South Side Cafe in the Theater District

I can love this. I can try and love this. There's nothing else for me to do. For this is what the living do. Here are the years to come. One hour and then another and another and another and another.
---Mary


The Stassos Family
J. Sierros, C. Jones, P. Gaitens, J. Hecht and M. Plimpton
(Photo: Joan Marcus)


Ambitious is the first word that comes to mind in describing New York Theatre Workshop's tackling of Michael Cunningham's Flesh and Blood. It's a book of considerable length, and epic proportions, that tells a century of a family's story. The threshold question: how well can a book of such dimension be transformed into a stage play. The short answer here: about as well as one might have expected, but not as well as one might have hoped.
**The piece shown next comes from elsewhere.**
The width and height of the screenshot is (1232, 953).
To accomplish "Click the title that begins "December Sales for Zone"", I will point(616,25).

Cunningham's bestselling The Hours was a book that told three separate but eventually interconnected stories. It seemed an unlikely candidate for a great film, but with a brilliant screenplay by David Hare and smart direction from Stephen Daldry, it transcended its potential limitations. Flesh and Blood presents different challenges, calling for a magical solution that neither playwright-adapter Peter Gaitens nor director Doug Hughes found. In the end, it seems more like a pageant than a play, and though it is well-staged and finely acted, it only sketches the outline of the book.
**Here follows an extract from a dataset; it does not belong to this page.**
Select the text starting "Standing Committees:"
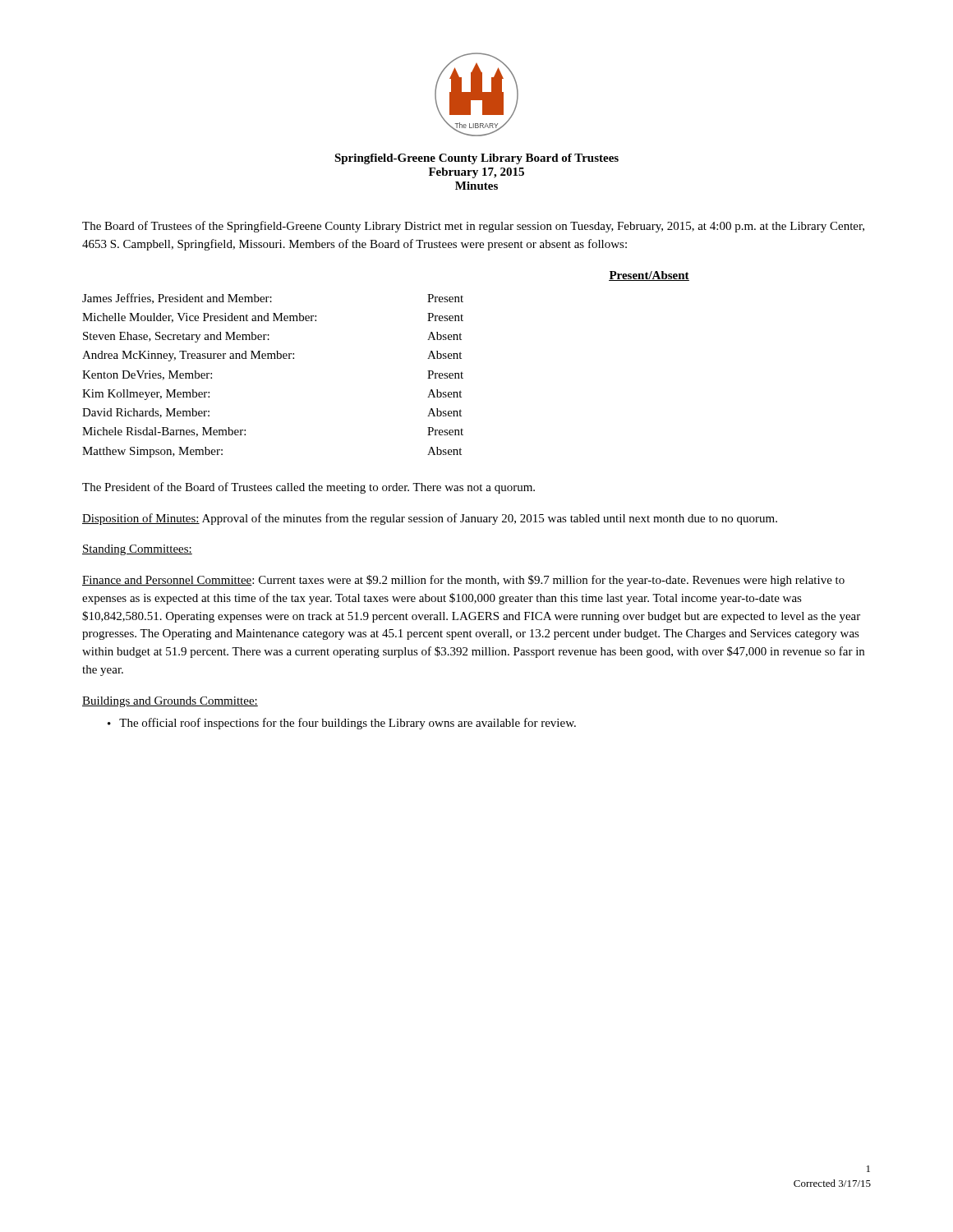Screen dimensions: 1232x953 (x=137, y=549)

The story begins with the young Constantine Stassos (John Sierros) in Greece in 1935. He will come to New Jersey, wed Mary (Cherry Jones) and become successful in the construction business. They will have three children: Susan (Jessica Hecht), who is haunted by her improper relationship with her father and her mother's failings, becoming a housewife to a successful lawyer (Chris McGarry) and bearing a preppy son, Ben (Sean Dugan); Billy, later called Will (Gaitens), who is gay and at odds with his father from a young age, eventually entering a long-term relationship with Harry (Peter Frechette); and Zoe (Martha Plimpton), a rebellious daughter who nonetheless has a special bond with her father, escapes suburbia for New York City, where she meets a wise old drag queen named Cassandra (Joel Weiss), has a son, Jamal (Airrion Doss), with a black man who disappears and, after years as a junkie, dies of AIDS. Constantine and Mary will divorce; he will remarry Magda (Patricia Buckley). In the show's fast-forwarded final scene, we find Jamal, with his own daughter (Plimpton), about to spread Will's ashes in the bay.

Gaitens has added a prologue which frames the play with Cunningham's final scene. Too artsy for my taste, it underscores a theme of generational "voices" that essentially substitutes (not to great effect) for Cunningham's carefully wrought underpinnings of this family's fractures. Ironically, Gaitens is most successful at weaving the nuances of the principal non-family member, Cassandra, into the story.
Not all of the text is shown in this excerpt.